The Center of Expertise for healthcare algorithms has started testing a set of algorithms in four hospitals. Among other things, an algorithm can predict whether a patient will be admitted to the emergency room waiting room or allowed to return home. Resulting in faster flow of patients. “AI and healthcare algorithms are not a goal in themselves. Developing predictive models that are scalable and really contribute to optimizing care for patient and caregiver, that is the route chosen by the Expertise center for healthcare algorithms,” said Bart-Jan Verhoeff, himself an internist-nephrologist at St Jansdal Hospital and co-initiator.
Scalability by design
There are already nice algorithm initiatives in the Netherlands, but they are still incidental and often local, applicable in one hospital. The Expertise center is developing the algorithms in several hospitals simultaneously. External validation then takes place in other hospitals, where the models have not been trained and thus the data are new. Developing and validating in multiple hospitals has an immediate advantage: this setup is scalable. The premise is that all SAZ hospitals and also non-SAZ hospitals can use the algorithms. “On your own has no future, pay more attention to the testing phase instead of developing all kinds of things yourself,” is also the message of ‘data doctor’ Anne de Hond, Team Digital Innovation LUMC, in Care Vision.

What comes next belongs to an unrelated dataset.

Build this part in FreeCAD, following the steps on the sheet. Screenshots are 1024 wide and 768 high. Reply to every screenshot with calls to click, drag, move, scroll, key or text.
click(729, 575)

AI should support healthcare professionals. Therefore, the Center of Expertise does not start with the product itself, but with the needs of the hospitals. In recent years, emergency departments and nursing wards in many hospitals have been under increasing pressure. The Center of Expertise for healthcare algorithms took this problem as a starting point in developing the first set of algorithms. These initial algorithms aim to support healthcare professionals in their work process to improve throughput with predictions of emergency department length of stay, of admission probability and of nursing unit length of stay.
No black box
A clinical trial is now underway at four hospitals. The goal is for the first group of algorithms to be CE marked by the end of this year and for hospitals to be able to take delivery of the first set of algorithms to apply in their own hospitals by early 2024. The Expertise center will therefore guide hospitals in implementing the software platform and using the algorithms. Hospital employees are supported in training so that they have a good understanding of the advantages and disadvantages of AI and algorithms. The data stays in the own hospital and the predictions are not a “black box”: healthcare professionals see which factors contribute to the prediction to what extent. This approach of the Center of Expertise will soon be widely applicable in all hospitals and integrated into the electronic patient record.

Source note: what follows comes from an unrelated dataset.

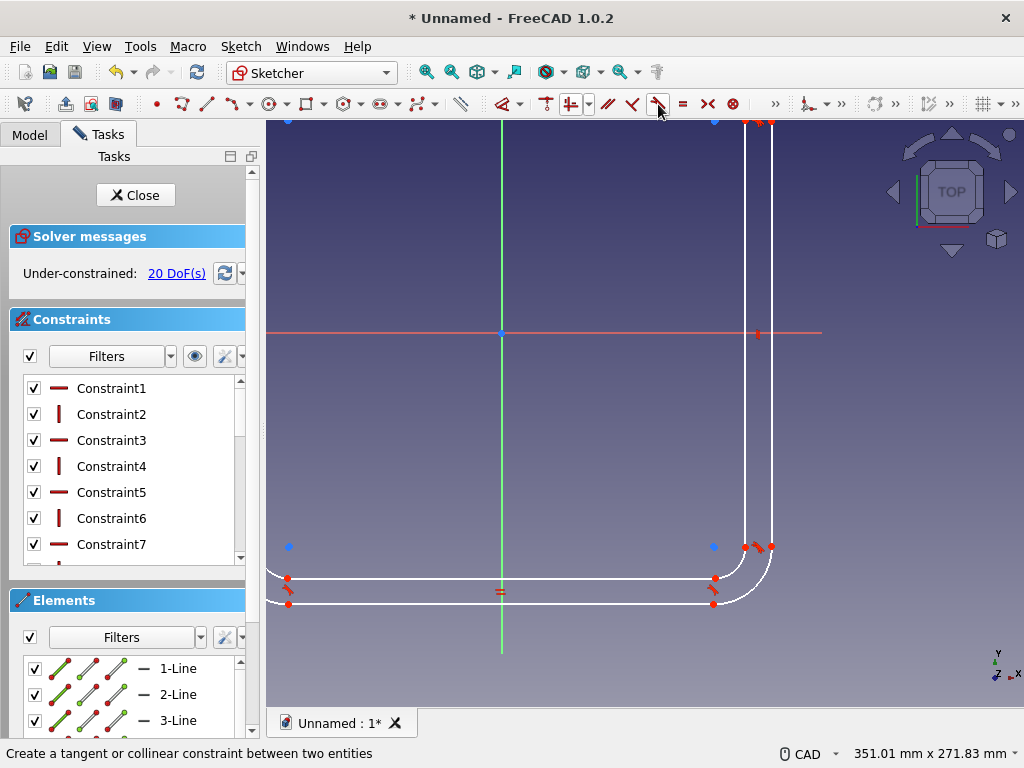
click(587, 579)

Chief Medical Information Officer Arjan Bulsink from SKB Winterswijk hospital, one of the participating hospitals in the study, explains why they are participating: “We see that the use of data in healthcare is becoming increasingly important. Also for general hospitals like the SKB this offers many opportunities. There is still a lot to learn and develop in this area. Now we can join this development step by step, because we are doing this together with the Center of Expertise. This way we are not dependent on large commercial (expensive) parties. By doing this in the SAZ context, tools that use data and artificial intelligence will soon be accessible to all hospitals. That is why I am very happy that we are participating in this.”
Power of collaboration
Behind the Center of Expertise is the driving force of 28 hospitals, united in the SAZ, Cooperating General Hospitals, and a compact team of developers and AI experts. They combine their knowledge and ambitions to create prediction models with appropriate software and sufficient data, in co-creation with healthcare professionals: ‘for and by healthcare’. Earlier, SAZ initiated BeterDichtbij, a digital communication service between healthcare provider and patient, which is now in wide use at 48 Dutch hospitals, in this way.
Pieter Jeekel, chairman of the Healthcare working group of the NL AI Coalition: “For us it is important that SAZ hospitals work together and jointly implement AI innovations so that we move away from pilots and more towards upscaling and cooperation in this. The Netherlands is a great example of this”.
Interested?
Interested in contributing to the Healthcare working group? Visit the working group’s page or contact chairman Pieter Jeekel for more information. Become a participant of the NL AIC and benefit from the knowledge and network around Healthcare and other relevant AI topics.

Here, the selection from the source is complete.